The 2026 Knesset elections are approaching, with many claiming that these will be the most important since the establishment of the State of Israel.
One of the key questions in the 2026 elections is how many seats the Arab parties will receive, whether they run separately or unite into a joint list. Most polls indicate that Hadash and Ra'am are expected to win five seats each, with Balad not passing the threshold. However, in the event of joining forces, the Joint Arab List is expected to win as many as 15 seats.
The solution to this puzzle lies in the million-dollar question: What will be the turnout among the Arab public?
Historically, participation of the Arab public in Knesset elections has experienced ups and downs. While in the 1949-1969 elections their turnout was slightly less than 80%, in the 1973-1984 elections there was a downward trend, with the average turnout being approximately 65%. However, in the 1988-1999 elections, which were held in the background of the first Palestinian uprising and the Oslo peace process, the turnout among the Arab public rose to an average of 75%.
The significant turning point in their participation occurred in the 2001 elections, in which Likud candidate Ariel Sharon defeated then-prime minister and Labor Party chairman Ehud Barak by a margin of 25%. The huge gap stemmed, among other things, from the fact that as the candidate of the center-left bloc, Barak lost the traditional support of the Arab sector. Only 19% of the Arab public exercised their democratic right and voted in the 2001 elections, compared to 75% in the 1999 elections.
Israeli Arabs in Second Intifada
Israeli Arabs, who in the 1996 and 1999 elections gave 95% of their support to Peres and Barak over Prime Minister Benjamin Netanyahu, were outraged by Barak's conduct toward the Palestinians in the context of the Second Intifada, and particularly during the October events in which 13 Israeli Arabs were killed in clashes with the Israeli police. It is important to note that Barak's loss stemmed mainly from the lack of support he received among the Jewish public. Even if Israeli Arabs had voted in similar turnout rates to those in the 1996 and 1999 elections, Barak would have at most sweetened his defeat to a 12% margin.
In contrast to the 2001 elections for prime minister that were boycotted by the Arab public, in 2003, when the Israeli public once again voted with a single ballot for a party, there was a sharp decline in the turnout, from 79% in the 1999 elections to 68% in the 2003 ones. This phenomenon did not escape the Arab public, with their turnout also dropping significantly, from 75% to 62%.

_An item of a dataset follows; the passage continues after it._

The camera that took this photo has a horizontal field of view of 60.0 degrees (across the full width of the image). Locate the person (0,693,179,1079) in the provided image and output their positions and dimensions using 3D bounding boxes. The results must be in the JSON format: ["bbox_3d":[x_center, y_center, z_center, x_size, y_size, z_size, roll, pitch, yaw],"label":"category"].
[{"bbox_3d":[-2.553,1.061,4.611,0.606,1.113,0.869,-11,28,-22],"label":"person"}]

While the three Arab parties that ran separately in the 2003-2013 elections won 8 to 11 seats, the decision to raise the threshold from 2% to 3.25% before the 2015 elections left them no choice but to join forces. Since then, the Arab sector's turnout has depended on whether the Arab parties run together on the joint list. If so, the turnout will be relatively high, as will the Knesset seats (up to 65% and 15 mandates, respectively, as it was in the 2020 elections).

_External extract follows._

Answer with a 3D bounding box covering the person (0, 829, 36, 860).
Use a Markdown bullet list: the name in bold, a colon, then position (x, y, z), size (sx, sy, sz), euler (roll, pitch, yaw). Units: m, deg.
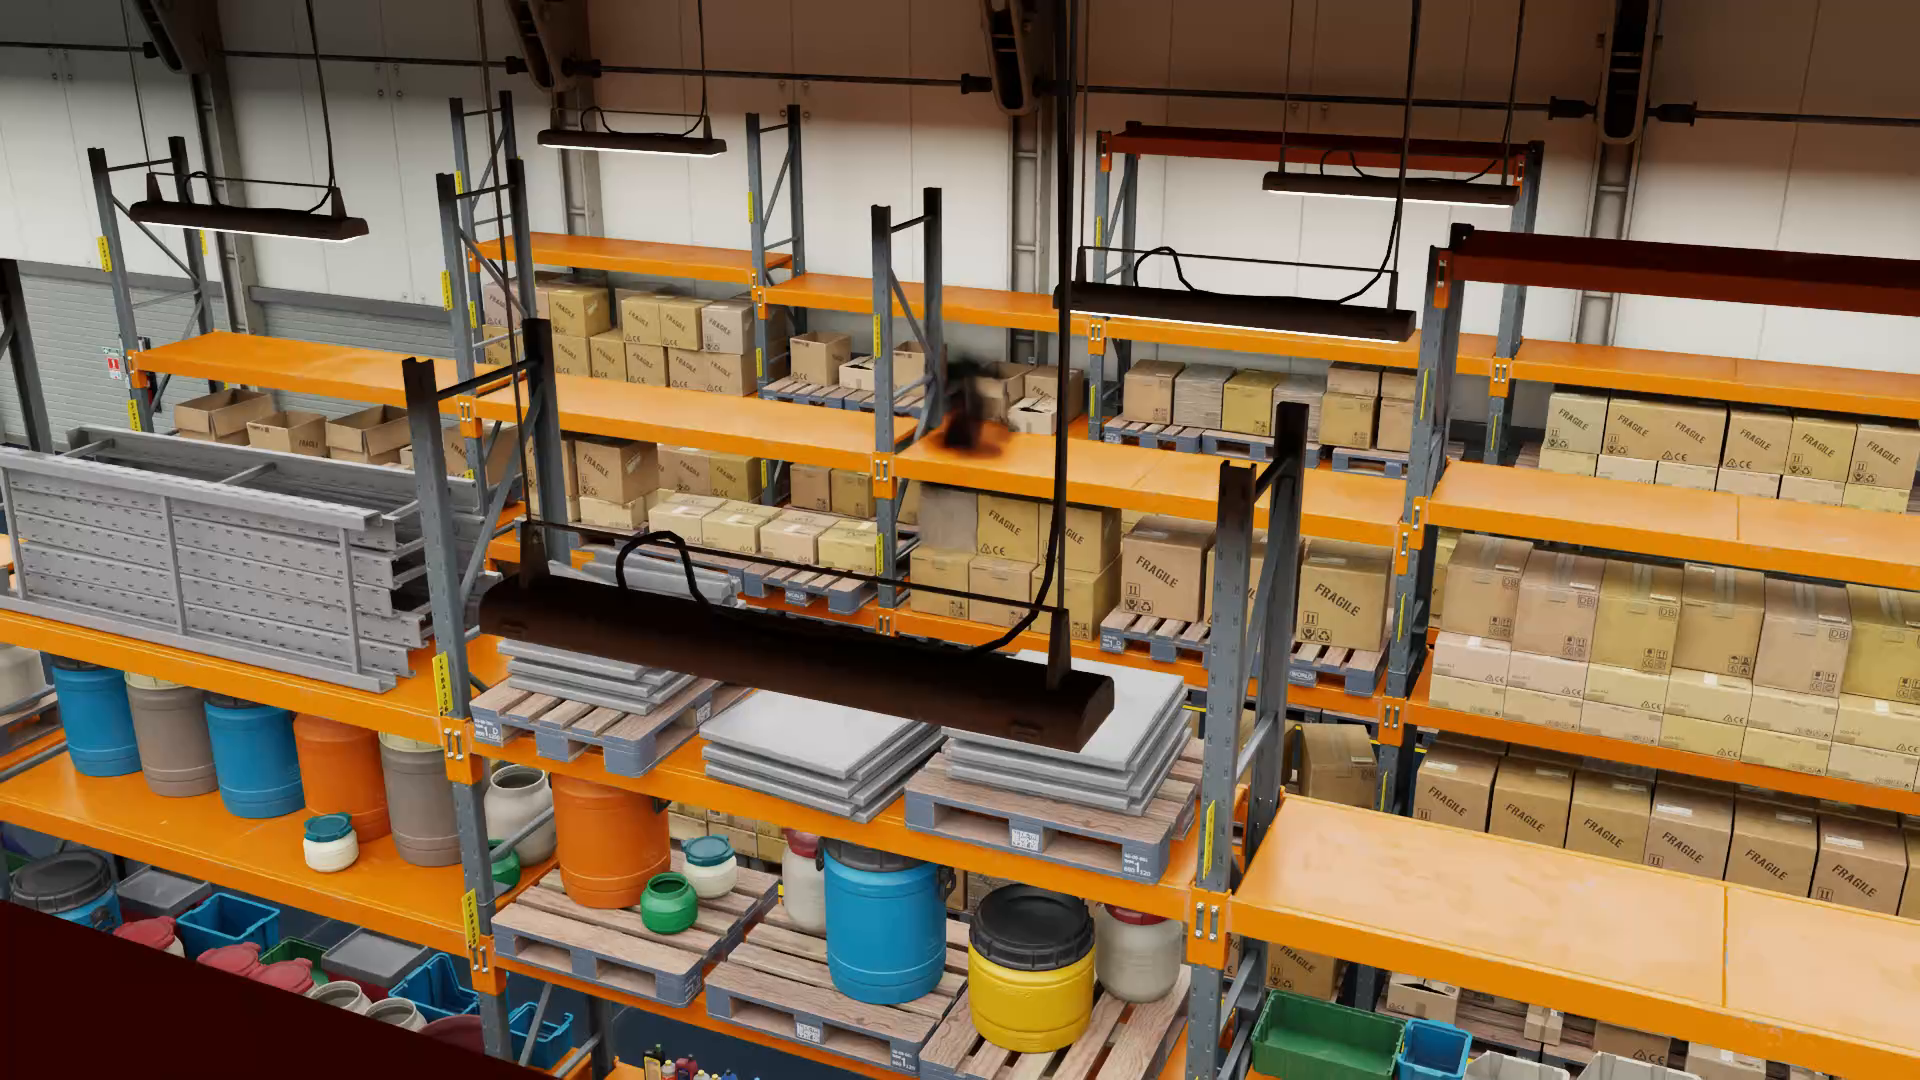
- **person**: position (-8.404, 2.314, 14.302), size (0.651, 1.668, 0.627), euler (1, 21, 4)

However, if the Arab parties run separately, the turnout drops significantly to just over 50% or even less (45% in 2021), as does the number of seats in the Knesset (10 in 2019a, 2021, and 2022).
Israeli-Arab Zionists
Another fascinating phenomenon is the rate at which the Arab public votes for Zionist parties. While in the 1949-1977 elections, an average of 30% of Israeli Arabs voted for Zionist parties, in 1981-1992 this figure rose to an average of 50%. In the 1992 elections, there was even a 52% majority in the vote for Zionist parties, with Labor, led by Rabin, winning 20% of the Arab vote, giving it a little more than two seats out of the 44 it won.
However, since then, there has been a sharp increase in the Arab public's voting figures for Arab parties: From 62% in the 1996 elections to a peak of 88% in 2020, with a total average of just over 15% of Israeli Arabs voting for Zionist parties in the last four elections between 2019 and 2022.
In conclusion, while there are those who hope that the 2026 elections will be a turning point and the Arab public will flock to the polls (Inshallah – God willing – in the words of Israeli Arab journalist Lucy Aharish), it is difficult to see a significant change in their voting pattern. Many believe that the chaos in Arab society will encourage the silent majority within it to come out and vote in order to bring about change.
On the one hand, the leadership of the Arab public (Ayman Odeh, Ahmad Tibi, etc.) identifies with Palestinian leadership that calls for the destruction of Israel; on the other hand, they blame the state for the fact that murders in Arab society are at a relative rate 20 times that of Jewish society. It seems that as long as Israeli Arabs see such a conflicting approach from their leaders, they will continue to exclude themselves from the ballot box.
The writer is a lecturer and research fellow at the University of South Wales, UK, and author of Collapse: Israeli Labor Party 1992-2024.